◆ **YOUR TASK**
Restate all of the following data exactly, keeping any images out of the copy.

◆ **RECORDS FOR THIS EXERCISE**
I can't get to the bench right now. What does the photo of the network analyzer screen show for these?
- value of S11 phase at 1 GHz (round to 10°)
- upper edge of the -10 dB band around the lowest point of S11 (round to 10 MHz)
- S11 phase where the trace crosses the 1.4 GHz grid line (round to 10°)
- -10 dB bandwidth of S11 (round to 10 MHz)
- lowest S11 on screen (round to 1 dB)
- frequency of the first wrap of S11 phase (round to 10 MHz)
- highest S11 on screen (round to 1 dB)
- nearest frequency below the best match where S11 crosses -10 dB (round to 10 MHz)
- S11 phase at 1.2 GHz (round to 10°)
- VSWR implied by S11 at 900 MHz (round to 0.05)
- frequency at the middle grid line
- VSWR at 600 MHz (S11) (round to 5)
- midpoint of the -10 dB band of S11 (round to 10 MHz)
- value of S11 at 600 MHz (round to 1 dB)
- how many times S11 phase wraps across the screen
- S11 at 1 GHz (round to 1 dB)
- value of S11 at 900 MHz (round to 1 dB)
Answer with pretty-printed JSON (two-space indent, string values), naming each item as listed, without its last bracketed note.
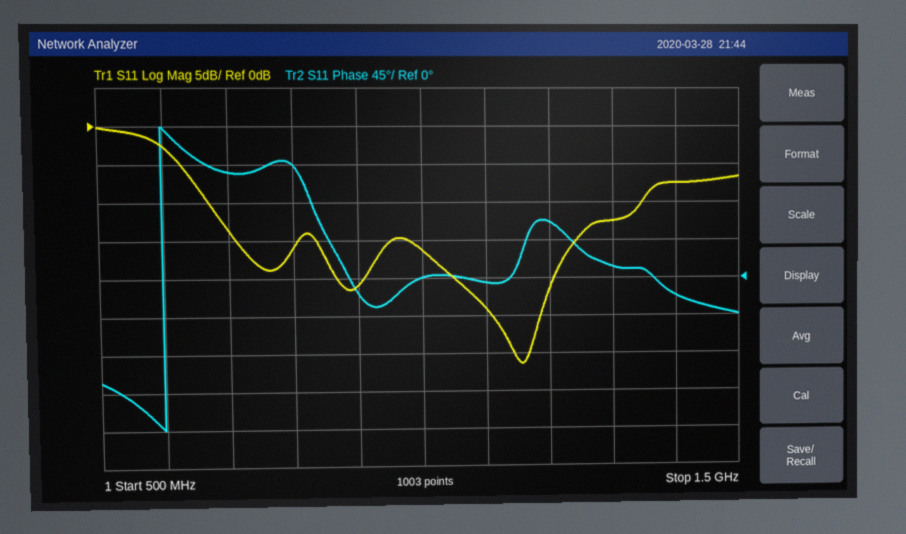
{
  "value of S11 phase at 1 GHz": "0°",
  "upper edge of the -10 dB band around the lowest point of S11": "1.35 GHz",
  "S11 phase where the trace crosses the 1.4 GHz grid line": "-20°",
  "-10 dB bandwidth of S11": "680 MHz",
  "lowest S11 on screen": "-31 dB",
  "frequency of the first wrap of S11 phase": "600 MHz",
  "highest S11 on screen": "0 dB",
  "nearest frequency below the best match where S11 crosses -10 dB": "670 MHz",
  "S11 phase at 1.2 GHz": "70°",
  "VSWR implied by S11 at 900 MHz": "1.20",
  "frequency at the middle grid line": "1 GHz",
  "VSWR at 600 MHz (S11)": "5",
  "midpoint of the -10 dB band of S11": "1.01 GHz",
  "value of S11 at 600 MHz": "-3 dB",
  "how many times S11 phase wraps across the screen": "1",
  "S11 at 1 GHz": "-16 dB",
  "value of S11 at 900 MHz": "-21 dB"
}
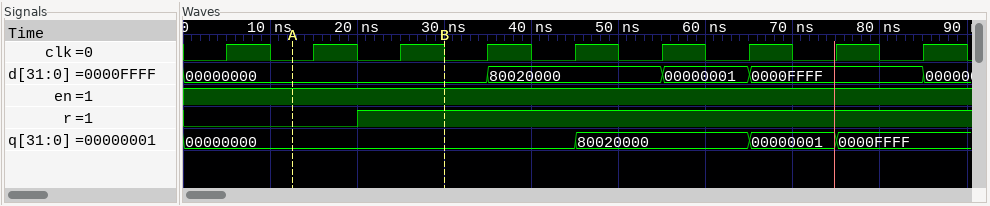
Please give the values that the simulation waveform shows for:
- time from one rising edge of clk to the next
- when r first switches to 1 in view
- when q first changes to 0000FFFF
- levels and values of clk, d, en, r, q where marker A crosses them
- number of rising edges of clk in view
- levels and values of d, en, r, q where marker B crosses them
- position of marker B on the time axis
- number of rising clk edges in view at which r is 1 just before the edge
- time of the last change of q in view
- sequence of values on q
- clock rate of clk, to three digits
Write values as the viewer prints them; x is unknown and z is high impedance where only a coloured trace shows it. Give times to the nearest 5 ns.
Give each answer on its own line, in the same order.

10 ns
20 ns
75 ns
clk=0, d=00000000, en=1, r=0, q=00000000
9
d=00000000, en=1, r=1, q=00000000
30 ns
7
75 ns
00000000, 80020000, 00000001, 0000FFFF
100 MHz
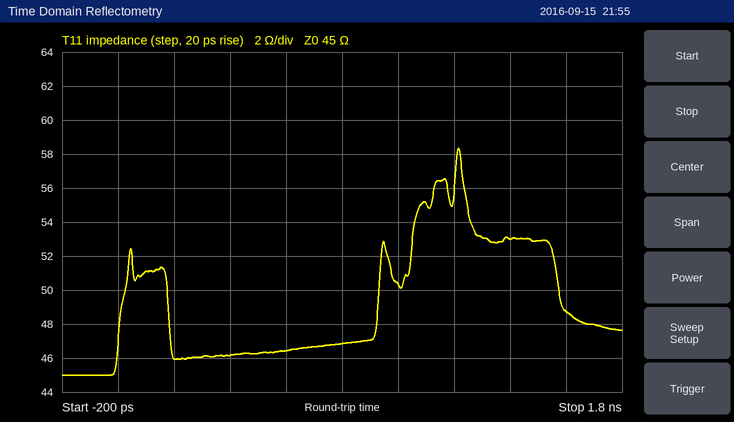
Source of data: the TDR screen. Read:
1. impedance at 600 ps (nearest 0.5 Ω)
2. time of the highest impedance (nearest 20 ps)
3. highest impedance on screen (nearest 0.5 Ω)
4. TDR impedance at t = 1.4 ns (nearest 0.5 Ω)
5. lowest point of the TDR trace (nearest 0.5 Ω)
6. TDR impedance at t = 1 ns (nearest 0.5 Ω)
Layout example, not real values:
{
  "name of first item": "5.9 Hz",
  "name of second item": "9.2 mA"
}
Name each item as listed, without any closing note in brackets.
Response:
{
  "impedance at 600 ps": "46.5 Ω",
  "time of the highest impedance": "1.22 ns",
  "highest impedance on screen": "58.5 Ω",
  "TDR impedance at t = 1.4 ns": "53.0 Ω",
  "lowest point of the TDR trace": "45.0 Ω",
  "TDR impedance at t = 1 ns": "50.5 Ω"
}
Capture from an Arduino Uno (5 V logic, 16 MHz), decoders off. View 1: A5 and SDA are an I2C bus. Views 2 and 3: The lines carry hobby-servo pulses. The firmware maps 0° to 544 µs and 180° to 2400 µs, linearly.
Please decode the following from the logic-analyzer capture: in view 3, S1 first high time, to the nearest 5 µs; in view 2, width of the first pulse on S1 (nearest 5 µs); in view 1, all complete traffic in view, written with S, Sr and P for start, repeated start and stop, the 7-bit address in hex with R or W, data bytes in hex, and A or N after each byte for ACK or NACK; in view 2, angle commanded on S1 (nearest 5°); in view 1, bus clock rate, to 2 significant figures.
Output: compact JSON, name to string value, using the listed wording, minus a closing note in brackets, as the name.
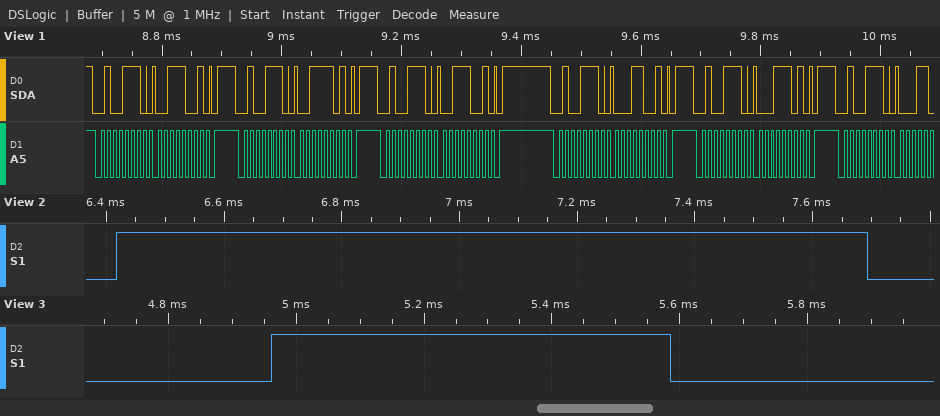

◆ **EXERCISE ANSWER**
I can't get to the bench right now. What does the photo of the network analyzer screen show for these?
- value of S11 phase at 1 GHz (round to 10°)
- upper edge of the -10 dB band around the lowest point of S11 (round to 10 MHz)
- S11 phase where the trace crosses the 1.4 GHz grid line (round to 10°)
- -10 dB bandwidth of S11 (round to 10 MHz)
- lowest S11 on screen (round to 1 dB)
- frequency of the first wrap of S11 phase (round to 10 MHz)
- highest S11 on screen (round to 1 dB)
- nearest frequency below the best match where S11 crosses -10 dB (round to 10 MHz)
- S11 phase at 1.2 GHz (round to 10°)
- VSWR implied by S11 at 900 MHz (round to 0.05)
- frequency at the middle grid line
- VSWR at 600 MHz (S11) (round to 5)
- midpoint of the -10 dB band of S11 (round to 10 MHz)
- value of S11 at 600 MHz (round to 1 dB)
- how many times S11 phase wraps across the screen
- S11 at 1 GHz (round to 1 dB)
- value of S11 at 900 MHz (round to 1 dB)
Answer with pretty-printed JSON (two-space indent, string values), naming each item as listed, without its last bracketed note.
{
  "value of S11 phase at 1 GHz": "0°",
  "upper edge of the -10 dB band around the lowest point of S11": "1.35 GHz",
  "S11 phase where the trace crosses the 1.4 GHz grid line": "-20°",
  "-10 dB bandwidth of S11": "680 MHz",
  "lowest S11 on screen": "-31 dB",
  "frequency of the first wrap of S11 phase": "600 MHz",
  "highest S11 on screen": "0 dB",
  "nearest frequency below the best match where S11 crosses -10 dB": "670 MHz",
  "S11 phase at 1.2 GHz": "70°",
  "VSWR implied by S11 at 900 MHz": "1.20",
  "frequency at the middle grid line": "1 GHz",
  "VSWR at 600 MHz (S11)": "5",
  "midpoint of the -10 dB band of S11": "1.01 GHz",
  "value of S11 at 600 MHz": "-3 dB",
  "how many times S11 phase wraps across the screen": "1",
  "S11 at 1 GHz": "-16 dB",
  "value of S11 at 900 MHz": "-21 dB"
}
Please give the values that the simulation waveform shows for:
- time from one rising edge of clk to the next
- when r first switches to 1 in view
- when q first changes to 0000FFFF
- levels and values of clk, d, en, r, q where marker A crosses them
- number of rising edges of clk in view
- levels and values of d, en, r, q where marker B crosses them
- position of marker B on the time axis
- number of rising clk edges in view at which r is 1 just before the edge
- time of the last change of q in view
- sequence of values on q
- clock rate of clk, to three digits
Write values as the viewer prints them; x is unknown and z is high impedance where only a coloured trace shows it. Give times to the nearest 5 ns.
Give each answer on its own line, in the same order.

10 ns
20 ns
75 ns
clk=0, d=00000000, en=1, r=0, q=00000000
9
d=00000000, en=1, r=1, q=00000000
30 ns
7
75 ns
00000000, 80020000, 00000001, 0000FFFF
100 MHz
Source of data: the TDR screen. Read:
1. impedance at 600 ps (nearest 0.5 Ω)
2. time of the highest impedance (nearest 20 ps)
3. highest impedance on screen (nearest 0.5 Ω)
4. TDR impedance at t = 1.4 ns (nearest 0.5 Ω)
5. lowest point of the TDR trace (nearest 0.5 Ω)
6. TDR impedance at t = 1 ns (nearest 0.5 Ω)
Layout example, not real values:
{
  "name of first item": "5.9 Hz",
  "name of second item": "9.2 mA"
}
Name each item as listed, without any closing note in brackets.
Response:
{
  "impedance at 600 ps": "46.5 Ω",
  "time of the highest impedance": "1.22 ns",
  "highest impedance on screen": "58.5 Ω",
  "TDR impedance at t = 1.4 ns": "53.0 Ω",
  "lowest point of the TDR trace": "45.0 Ω",
  "TDR impedance at t = 1 ns": "50.5 Ω"
}
Capture from an Arduino Uno (5 V logic, 16 MHz), decoders off. View 1: A5 and SDA are an I2C bus. Views 2 and 3: The lines carry hobby-servo pulses. The firmware maps 0° to 544 µs and 180° to 2400 µs, linearly.
Please decode the following from the logic-analyzer capture: in view 3, S1 first high time, to the nearest 5 µs; in view 2, width of the first pulse on S1 (nearest 5 µs); in view 1, all complete traffic in view, written with S, Sr and P for start, repeated start and stop, the 7-bit address in hex with R or W, data bytes in hex, and A or N after each byte for ACK or NACK; in view 2, angle commanded on S1 (nearest 5°); in view 1, bus clock rate, to 2 significant figures.
Output: compact JSON, name to string value, using the listed wording, minus a closing note in brackets, as the name.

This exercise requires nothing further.